Ask Your Question

Revision history [back]

click to hide/show revision 1
initial version

Assuming that the two data frames have the same schema and the same number of rows, the following Scala function can be used to replace null column values in DataFrame1 with the corresponding values in DataFrame2:

import org.apache.spark.sql.DataFrame

def replaceNullValues(df1: DataFrame, df2: DataFrame): DataFrame = {
  val columnNames = df1.columns
  columnNames.foldLeft(df1) { (tempDF, colName) =>
    tempDF.na.fill(df2.select(colName).collect()(0)(0), Seq(colName))
  }
}

The function takes two data frames as input and returns a new data frame. It starts by getting the column names of the first data frame, and then uses a fold operation to iterate over each column. For each column, the function uses the na.fill() method to replace null values in the column with the corresponding non-null value from the second data frame. The Seq(colName) parameter specifies the name of the column to fill, and the df2.select(colName).collect()(0)(0) expression selects the first non-null value from the second data frame for that column.

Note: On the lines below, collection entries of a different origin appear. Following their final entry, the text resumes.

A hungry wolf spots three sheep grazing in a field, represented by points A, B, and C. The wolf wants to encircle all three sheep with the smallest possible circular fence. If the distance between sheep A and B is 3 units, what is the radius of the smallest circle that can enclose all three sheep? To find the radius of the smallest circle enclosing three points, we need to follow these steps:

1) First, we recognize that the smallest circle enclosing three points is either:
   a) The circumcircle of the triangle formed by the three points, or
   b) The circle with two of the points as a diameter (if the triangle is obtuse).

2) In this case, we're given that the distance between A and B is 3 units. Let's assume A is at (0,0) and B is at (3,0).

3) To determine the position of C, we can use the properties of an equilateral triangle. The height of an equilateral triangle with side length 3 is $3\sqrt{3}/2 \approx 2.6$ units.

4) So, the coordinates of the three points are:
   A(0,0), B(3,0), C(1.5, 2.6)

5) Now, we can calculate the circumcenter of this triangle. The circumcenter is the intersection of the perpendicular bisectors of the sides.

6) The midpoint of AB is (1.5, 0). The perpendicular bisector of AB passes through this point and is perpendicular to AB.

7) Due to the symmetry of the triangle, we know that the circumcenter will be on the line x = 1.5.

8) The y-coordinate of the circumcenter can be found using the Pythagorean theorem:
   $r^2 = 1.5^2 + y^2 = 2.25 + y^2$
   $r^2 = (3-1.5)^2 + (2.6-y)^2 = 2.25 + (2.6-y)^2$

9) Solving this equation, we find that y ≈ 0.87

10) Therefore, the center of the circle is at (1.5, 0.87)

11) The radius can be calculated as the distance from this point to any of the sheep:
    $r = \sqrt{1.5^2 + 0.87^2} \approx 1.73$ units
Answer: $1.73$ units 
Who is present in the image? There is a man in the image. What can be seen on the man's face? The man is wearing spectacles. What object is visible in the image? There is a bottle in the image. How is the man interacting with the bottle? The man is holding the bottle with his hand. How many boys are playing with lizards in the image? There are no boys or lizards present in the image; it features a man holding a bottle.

To use the function, simply call it with the two data frames as arguments:

val df1 = ... // original data frame with some null values
val df2 = ... // data frame with replacement values for nulls
val filledDF = replaceNullValues(df1, df2)

The filledDF data frame will have the same schema and number of rows as df1, but with null values replaced by the corresponding non-null values from df2.